Instructions to follow: Range to output from the entries below: the line containing "to (448, 213)?" through the line containing "remote control: [0.037,-0.150,2.395,0.177,0.020,0.049,7,49,15]". Set it down exactly, ends included, nothing else.

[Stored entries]

:::::

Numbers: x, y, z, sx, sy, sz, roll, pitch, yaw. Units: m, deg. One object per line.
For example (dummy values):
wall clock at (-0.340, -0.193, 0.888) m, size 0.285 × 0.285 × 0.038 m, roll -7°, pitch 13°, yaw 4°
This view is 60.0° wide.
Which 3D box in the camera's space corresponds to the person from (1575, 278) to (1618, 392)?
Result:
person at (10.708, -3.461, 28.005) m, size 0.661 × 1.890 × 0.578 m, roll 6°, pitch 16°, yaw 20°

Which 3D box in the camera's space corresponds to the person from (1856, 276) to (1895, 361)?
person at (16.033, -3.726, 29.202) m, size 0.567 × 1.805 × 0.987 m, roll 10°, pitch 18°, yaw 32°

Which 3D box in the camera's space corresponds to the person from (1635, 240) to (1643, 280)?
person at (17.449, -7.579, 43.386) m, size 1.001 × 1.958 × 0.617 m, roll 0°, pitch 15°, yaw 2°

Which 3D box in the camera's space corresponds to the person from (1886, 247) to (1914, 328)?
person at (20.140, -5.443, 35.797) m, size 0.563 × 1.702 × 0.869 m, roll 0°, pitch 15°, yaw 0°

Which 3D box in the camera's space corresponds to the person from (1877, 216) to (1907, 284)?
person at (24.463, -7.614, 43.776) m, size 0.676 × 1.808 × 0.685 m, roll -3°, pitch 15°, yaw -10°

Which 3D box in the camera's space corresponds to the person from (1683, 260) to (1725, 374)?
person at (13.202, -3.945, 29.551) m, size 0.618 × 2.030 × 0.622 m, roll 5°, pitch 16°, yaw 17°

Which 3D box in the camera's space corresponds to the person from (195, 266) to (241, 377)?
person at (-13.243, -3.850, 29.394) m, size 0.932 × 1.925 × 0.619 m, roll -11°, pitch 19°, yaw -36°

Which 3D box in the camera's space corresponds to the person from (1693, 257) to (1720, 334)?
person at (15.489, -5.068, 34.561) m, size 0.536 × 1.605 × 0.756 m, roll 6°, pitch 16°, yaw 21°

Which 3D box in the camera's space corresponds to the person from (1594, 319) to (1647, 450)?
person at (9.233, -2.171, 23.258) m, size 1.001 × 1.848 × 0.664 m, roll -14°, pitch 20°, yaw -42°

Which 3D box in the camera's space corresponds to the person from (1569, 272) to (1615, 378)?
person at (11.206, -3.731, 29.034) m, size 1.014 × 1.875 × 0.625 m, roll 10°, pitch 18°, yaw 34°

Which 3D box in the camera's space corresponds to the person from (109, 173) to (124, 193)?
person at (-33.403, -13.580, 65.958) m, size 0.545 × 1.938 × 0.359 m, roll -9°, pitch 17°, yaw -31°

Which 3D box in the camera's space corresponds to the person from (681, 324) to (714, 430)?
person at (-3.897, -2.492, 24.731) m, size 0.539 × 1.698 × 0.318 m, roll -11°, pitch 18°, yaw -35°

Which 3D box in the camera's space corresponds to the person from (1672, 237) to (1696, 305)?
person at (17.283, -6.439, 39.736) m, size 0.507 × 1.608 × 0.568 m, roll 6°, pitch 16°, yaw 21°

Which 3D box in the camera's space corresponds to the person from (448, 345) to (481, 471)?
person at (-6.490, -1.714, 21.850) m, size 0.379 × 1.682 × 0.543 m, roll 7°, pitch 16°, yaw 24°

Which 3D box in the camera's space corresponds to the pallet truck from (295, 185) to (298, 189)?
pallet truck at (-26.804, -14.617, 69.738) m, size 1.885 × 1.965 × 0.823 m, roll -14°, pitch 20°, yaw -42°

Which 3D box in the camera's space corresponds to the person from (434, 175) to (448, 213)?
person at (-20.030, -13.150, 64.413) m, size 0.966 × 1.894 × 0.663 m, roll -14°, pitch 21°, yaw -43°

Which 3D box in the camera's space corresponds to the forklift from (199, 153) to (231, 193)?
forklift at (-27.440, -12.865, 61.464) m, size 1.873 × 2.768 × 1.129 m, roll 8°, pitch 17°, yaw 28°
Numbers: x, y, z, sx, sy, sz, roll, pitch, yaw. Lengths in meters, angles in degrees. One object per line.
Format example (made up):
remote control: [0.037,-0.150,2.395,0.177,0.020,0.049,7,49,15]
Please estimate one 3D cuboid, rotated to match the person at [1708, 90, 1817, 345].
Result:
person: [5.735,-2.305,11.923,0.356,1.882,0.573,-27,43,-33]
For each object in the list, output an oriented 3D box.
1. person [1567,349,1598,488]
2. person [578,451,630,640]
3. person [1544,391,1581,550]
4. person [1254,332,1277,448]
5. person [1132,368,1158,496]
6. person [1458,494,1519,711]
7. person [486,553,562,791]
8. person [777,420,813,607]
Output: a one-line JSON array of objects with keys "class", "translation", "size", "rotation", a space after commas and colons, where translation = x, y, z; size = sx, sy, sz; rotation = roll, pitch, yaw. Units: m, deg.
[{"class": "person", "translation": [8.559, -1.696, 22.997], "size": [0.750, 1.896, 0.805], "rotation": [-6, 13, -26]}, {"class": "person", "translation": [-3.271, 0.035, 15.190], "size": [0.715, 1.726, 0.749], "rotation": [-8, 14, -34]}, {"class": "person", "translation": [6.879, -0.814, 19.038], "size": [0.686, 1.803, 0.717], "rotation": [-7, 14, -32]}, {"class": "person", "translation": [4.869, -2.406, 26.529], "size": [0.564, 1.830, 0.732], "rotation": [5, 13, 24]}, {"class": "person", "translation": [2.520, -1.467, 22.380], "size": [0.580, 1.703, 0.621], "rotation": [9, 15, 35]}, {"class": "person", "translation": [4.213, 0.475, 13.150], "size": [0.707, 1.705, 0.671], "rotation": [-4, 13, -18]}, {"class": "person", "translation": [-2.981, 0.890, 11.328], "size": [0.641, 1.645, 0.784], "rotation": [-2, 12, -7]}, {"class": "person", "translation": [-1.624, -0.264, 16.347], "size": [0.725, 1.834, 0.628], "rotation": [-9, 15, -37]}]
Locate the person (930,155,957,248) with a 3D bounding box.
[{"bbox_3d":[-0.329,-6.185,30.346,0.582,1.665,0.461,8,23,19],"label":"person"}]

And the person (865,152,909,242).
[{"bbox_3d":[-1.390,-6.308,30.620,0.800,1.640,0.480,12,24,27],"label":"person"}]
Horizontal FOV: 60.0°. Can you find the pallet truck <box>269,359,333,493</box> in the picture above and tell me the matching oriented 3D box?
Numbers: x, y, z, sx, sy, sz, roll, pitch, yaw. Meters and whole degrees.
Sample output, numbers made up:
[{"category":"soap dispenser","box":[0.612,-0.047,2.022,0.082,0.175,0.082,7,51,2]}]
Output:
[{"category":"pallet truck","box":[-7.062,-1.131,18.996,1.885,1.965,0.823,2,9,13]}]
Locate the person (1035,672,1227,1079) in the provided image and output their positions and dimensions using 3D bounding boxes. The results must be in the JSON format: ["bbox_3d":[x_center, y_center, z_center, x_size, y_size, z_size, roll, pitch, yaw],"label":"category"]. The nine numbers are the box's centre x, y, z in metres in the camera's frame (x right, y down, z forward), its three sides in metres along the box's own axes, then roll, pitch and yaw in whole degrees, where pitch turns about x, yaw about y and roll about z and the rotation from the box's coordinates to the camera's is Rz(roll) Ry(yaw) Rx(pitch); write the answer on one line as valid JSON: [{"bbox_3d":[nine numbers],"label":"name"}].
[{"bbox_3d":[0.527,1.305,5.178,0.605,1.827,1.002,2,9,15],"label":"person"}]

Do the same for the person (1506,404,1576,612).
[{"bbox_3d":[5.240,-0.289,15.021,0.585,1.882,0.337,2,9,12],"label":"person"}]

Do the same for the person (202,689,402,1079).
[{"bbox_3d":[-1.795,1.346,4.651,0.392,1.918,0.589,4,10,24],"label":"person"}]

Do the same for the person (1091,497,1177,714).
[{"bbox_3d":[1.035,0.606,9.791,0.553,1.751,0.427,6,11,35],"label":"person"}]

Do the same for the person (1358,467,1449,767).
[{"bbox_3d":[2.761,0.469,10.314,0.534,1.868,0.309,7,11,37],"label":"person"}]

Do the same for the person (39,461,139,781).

:::::

Response:
Which 3D box in the camera's space corresponds to the person from (434, 175) to (448, 213)?
person at (-20.030, -13.150, 64.413) m, size 0.966 × 1.894 × 0.663 m, roll -14°, pitch 21°, yaw -43°

Which 3D box in the camera's space corresponds to the forklift from (199, 153) to (231, 193)?
forklift at (-27.440, -12.865, 61.464) m, size 1.873 × 2.768 × 1.129 m, roll 8°, pitch 17°, yaw 28°
Numbers: x, y, z, sx, sy, sz, roll, pitch, yaw. Lengths in meters, angles in degrees. One object per line.
Format example (made up):
remote control: [0.037,-0.150,2.395,0.177,0.020,0.049,7,49,15]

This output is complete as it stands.